Editor’s note: This post has been altered from the original. The slides from the presentation have been removed.
23andMe, like many others, believes that individuals have a right to access their own genetic information and that personal genetics will pave the way for significant advances in healthcare. These beliefs fueled the development of our direct access Personal Genome Service® and 23andWe, our web-based, participant-driven research platform. As for any other new industry
or technology, however, there are concerns about the validity, accuracy, and applicability of the services and information that companies in the direct-to-consumer genetic testing industry provide. 23andMe supports thoughtful regulation that ensures consumers receive high quality information and enables, rather than inhibits, innovation.

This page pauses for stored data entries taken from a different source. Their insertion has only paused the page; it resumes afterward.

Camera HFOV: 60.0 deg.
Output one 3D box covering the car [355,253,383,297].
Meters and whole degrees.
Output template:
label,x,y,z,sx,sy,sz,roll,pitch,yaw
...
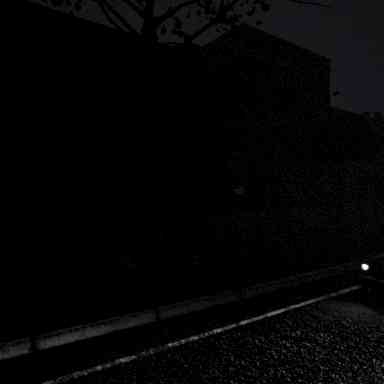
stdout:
label,x,y,z,sx,sy,sz,roll,pitch,yaw
car,5.676,1.602,7.408,4.718,1.301,1.895,0,0,-35
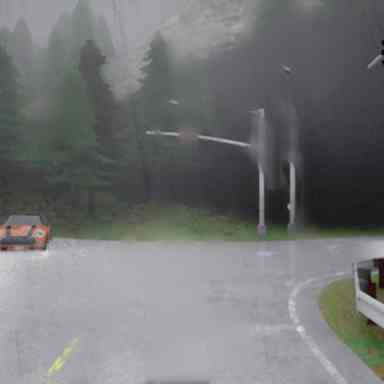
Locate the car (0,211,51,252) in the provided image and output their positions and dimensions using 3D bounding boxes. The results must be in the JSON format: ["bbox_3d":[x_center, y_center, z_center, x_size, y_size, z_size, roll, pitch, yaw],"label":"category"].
[{"bbox_3d":[-7.888,1.761,15.787,2.097,1.767,4.553,2,-1,-20],"label":"car"}]
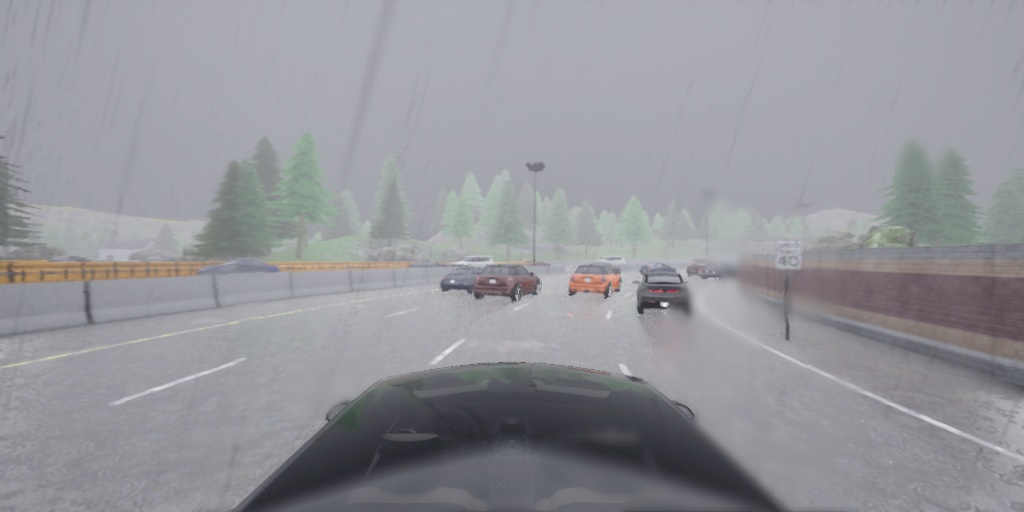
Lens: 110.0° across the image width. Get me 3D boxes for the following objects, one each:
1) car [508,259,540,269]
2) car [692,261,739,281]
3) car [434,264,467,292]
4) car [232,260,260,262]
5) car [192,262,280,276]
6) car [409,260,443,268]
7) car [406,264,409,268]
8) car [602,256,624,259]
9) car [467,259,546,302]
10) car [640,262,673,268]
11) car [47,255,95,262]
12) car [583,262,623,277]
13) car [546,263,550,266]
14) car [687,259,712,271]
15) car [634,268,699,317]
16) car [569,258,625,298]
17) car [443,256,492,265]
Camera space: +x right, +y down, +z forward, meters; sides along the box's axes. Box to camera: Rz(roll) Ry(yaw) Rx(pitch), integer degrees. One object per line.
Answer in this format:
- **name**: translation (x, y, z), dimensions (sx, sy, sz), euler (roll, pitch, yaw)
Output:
- **car**: translation (2.032, 1.227, 58.314), dimensions (5.008, 1.535, 1.882), euler (0, 0, -34)
- **car**: translation (18.561, 1.408, 31.639), dimensions (5.357, 1.411, 2.033), euler (0, 0, -33)
- **car**: translation (-2.434, 1.359, 21.323), dimensions (1.994, 1.385, 4.181), euler (0, 0, 24)
- **car**: translation (-19.693, 1.043, 26.040), dimensions (1.882, 1.535, 5.008), euler (1, 0, 23)
- **car**: translation (-14.687, 1.172, 18.963), dimensions (1.994, 1.385, 4.181), euler (1, 0, 18)
- **car**: translation (-9.471, 1.305, 43.215), dimensions (1.895, 1.301, 4.718), euler (1, 0, 40)
- **car**: translation (-11.450, 1.245, 46.215), dimensions (1.994, 1.385, 4.181), euler (1, 0, 41)
- **car**: translation (14.545, 1.003, 53.778), dimensions (5.566, 2.045, 2.150), euler (0, 0, -30)
- **car**: translation (-0.077, 1.175, 17.860), dimensions (2.097, 1.767, 4.553), euler (1, 0, 21)
- **car**: translation (15.187, 1.362, 37.404), dimensions (4.674, 1.442, 1.812), euler (1, 0, -36)
- **car**: translation (-43.946, 0.821, 35.916), dimensions (1.994, 1.385, 4.181), euler (1, 0, -21)
- **car**: translation (9.475, 1.373, 37.266), dimensions (4.181, 1.385, 1.994), euler (0, 0, -42)
- **car**: translation (3.436, 1.361, 55.058), dimensions (4.718, 1.301, 1.895), euler (0, 0, -34)
- **car**: translation (19.693, 1.331, 36.224), dimensions (5.008, 1.535, 1.882), euler (1, 0, -33)
- **car**: translation (5.990, 1.408, 14.332), dimensions (1.837, 1.490, 4.892), euler (-1, -1, 20)
- **car**: translation (4.738, 1.217, 19.949), dimensions (2.097, 1.767, 4.553), euler (1, 1, 26)
- **car**: translation (-4.243, 0.971, 38.341), dimensions (2.150, 2.045, 5.566), euler (0, 0, 40)
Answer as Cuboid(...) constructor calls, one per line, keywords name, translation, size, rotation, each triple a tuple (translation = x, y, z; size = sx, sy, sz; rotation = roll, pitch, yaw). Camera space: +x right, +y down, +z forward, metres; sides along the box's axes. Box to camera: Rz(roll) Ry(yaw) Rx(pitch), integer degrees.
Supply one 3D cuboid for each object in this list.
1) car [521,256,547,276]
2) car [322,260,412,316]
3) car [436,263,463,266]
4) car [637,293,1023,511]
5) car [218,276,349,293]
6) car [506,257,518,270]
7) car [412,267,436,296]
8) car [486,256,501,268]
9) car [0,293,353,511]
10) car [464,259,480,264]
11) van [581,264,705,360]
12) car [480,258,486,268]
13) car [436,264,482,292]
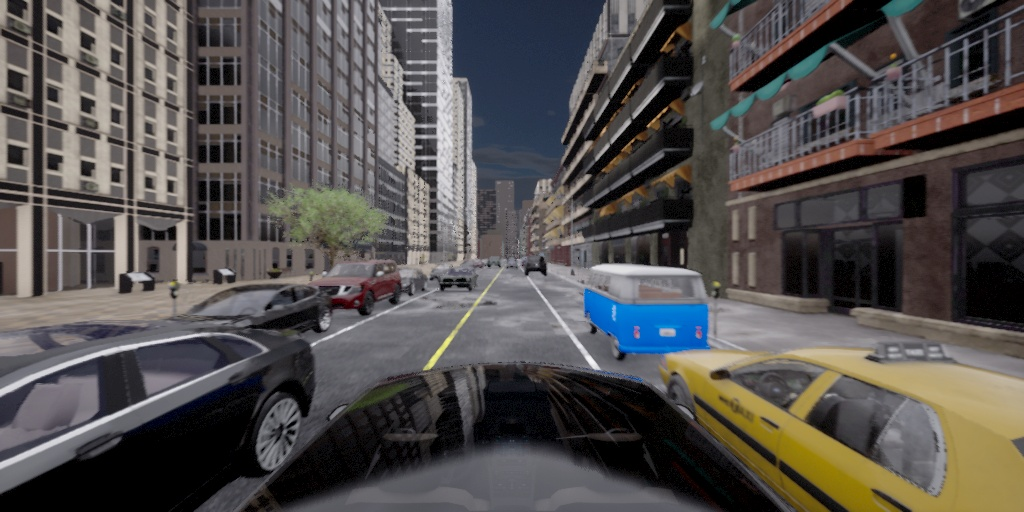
Cuboid(name="car", translation=(2.395, 0.983, 37.064), size=(2.150, 2.045, 5.566), rotation=(0, 0, 0))
Cuboid(name="car", translation=(-5.691, 1.063, 13.567), size=(2.192, 1.841, 5.009), rotation=(0, 0, 0))
Cuboid(name="car", translation=(-5.690, 1.303, 30.136), size=(2.007, 1.370, 4.403), rotation=(0, 0, 0))
Cuboid(name="car", translation=(2.689, 1.275, 2.691), size=(1.751, 1.417, 4.829), rotation=(0, 0, 0))
Cuboid(name="car", translation=(-5.692, 1.315, 8.045), size=(1.948, 1.339, 4.313), rotation=(0, 0, 0))
Cuboid(name="car", translation=(0.002, 1.314, 54.754), size=(2.033, 1.411, 5.357), rotation=(0, 0, 0))
Cuboid(name="car", translation=(-5.691, 1.300, 19.091), size=(2.007, 1.370, 4.403), rotation=(0, 0, 0))
Cuboid(name="car", translation=(-3.030, 1.001, 61.971), size=(2.150, 2.045, 5.566), rotation=(0, 0, 1))
Cuboid(name="car", translation=(-3.056, 1.242, 1.946), size=(2.128, 1.511, 4.902), rotation=(0, 0, 0))
Cuboid(name="car", translation=(-5.689, 1.326, 46.704), size=(1.948, 1.339, 4.313), rotation=(0, 0, 0))
Cuboid(name="van", translation=(2.690, 1.090, 8.044), size=(1.690, 1.789, 3.998), rotation=(0, 0, 0))
Cuboid(name="car", translation=(-5.689, 1.209, 57.751), size=(1.967, 1.591, 4.097), rotation=(0, 0, 0))
Cuboid(name="car", translation=(-3.098, 1.351, 21.589), size=(1.895, 1.301, 4.718), rotation=(0, 0, 0))

Over the next two days, the FDA is hosting an Advisory Panel Meeting to address a number of questions related to clinical genetic tests that are marketed and provided directly to consumers. The FDA will be hearing the ideas and perspectives primarily of the Molecular and Clinical Genetics Panel of the Medical Devices Advisory Committee, which include voting members and temporary members added for this meeting. In addition, the FDA has invited several speakers to present background information and their views on this topic, and has provided for one hour each day for public comment.
It is during the public comment period that 23andMe will be giving two presentations. This afternoon, 23andMe’s General Counsel Ashley Gould will speak about our position on the subject matter the panel will be addressing as well as our broad requests for the panel’s consideration. 23andMe’s Senior Director of Regulatory Affairs & Quality Assurance, Rose Romeo, will present tomorrow afternoon on considerations for risk mitigation and thoughts on regulatory frameworks moving forward. Slides from both of their presentations can be viewed below. The agenda and other background material are available at the FDA website, including public comments.
Much of the complexity in discussing regulation of genetic testing stems from the brisk evolution of technologies in this area. The first draft sequence of the human genome was first published only 10 years ago, and companies are now sequencing full genomes on demand at increasingly affordable prices. In our presentations, we take the position that all genetic testing services, whether ordered by a physician or offered through direct access, should adhere to the same standards. We simultaneously request that the FDA consider redefining and establishing regulatory standards, including some fundamental definitions, to accommodate large-scale genetic testing and support innovation of its technologies and applications. We also request that regulation be based upon evidence and not fear of potential harm to individuals which, to date, has not been demonstrated. In fact, growing numbers of participating individuals and independent studies focused on this issue provide preliminary evidence that the vast majority of people understand the information presented and experience no significant negative effects.
23andMe has been proactively collaborating with the FDA and remains committed to finding a path forward that benefits everyone. The addition of Rose Romeo to our team, who has extensive regulatory experience and is eager to help us forge that path, attests to the strength of that commitment. We look forward to working together with a wide variety of agencies, organizations, and the medical community at large to establish the regulatory and functional frameworks that will ensure consumers and healthcare professionals have access to genetic information that is clear, useful, and engaging.